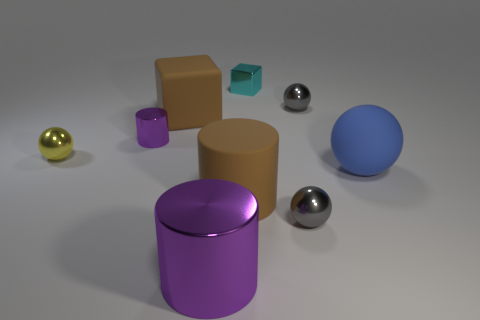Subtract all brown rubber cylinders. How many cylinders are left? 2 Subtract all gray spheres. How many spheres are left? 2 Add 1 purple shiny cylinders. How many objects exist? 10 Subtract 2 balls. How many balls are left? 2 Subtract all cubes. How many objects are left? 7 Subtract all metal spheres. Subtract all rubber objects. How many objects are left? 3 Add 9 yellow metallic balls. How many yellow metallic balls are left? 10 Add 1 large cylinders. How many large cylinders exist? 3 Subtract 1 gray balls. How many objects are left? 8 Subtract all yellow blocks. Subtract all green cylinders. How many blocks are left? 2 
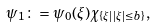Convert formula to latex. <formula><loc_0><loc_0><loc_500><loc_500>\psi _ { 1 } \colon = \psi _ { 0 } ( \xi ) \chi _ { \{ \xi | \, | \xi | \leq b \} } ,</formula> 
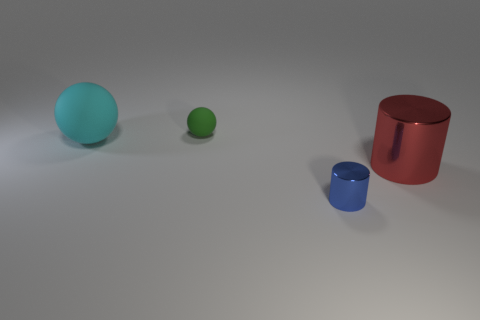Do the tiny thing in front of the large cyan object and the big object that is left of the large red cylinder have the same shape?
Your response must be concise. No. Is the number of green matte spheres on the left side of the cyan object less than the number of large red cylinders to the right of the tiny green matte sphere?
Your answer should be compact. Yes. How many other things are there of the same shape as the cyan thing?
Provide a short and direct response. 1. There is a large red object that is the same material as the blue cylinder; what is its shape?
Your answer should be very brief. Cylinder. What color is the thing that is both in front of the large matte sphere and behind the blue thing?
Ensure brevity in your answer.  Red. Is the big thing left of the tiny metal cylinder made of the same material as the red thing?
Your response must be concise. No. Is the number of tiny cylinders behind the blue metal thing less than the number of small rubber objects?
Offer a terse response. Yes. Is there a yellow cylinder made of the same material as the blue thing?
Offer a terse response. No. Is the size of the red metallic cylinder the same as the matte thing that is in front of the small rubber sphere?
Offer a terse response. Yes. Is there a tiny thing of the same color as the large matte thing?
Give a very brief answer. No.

= = = =

ACTIVITY: Your answer should be a single number: the count of lines in the data that include the word "made".

ANSWER TO THE EXERCISE: 2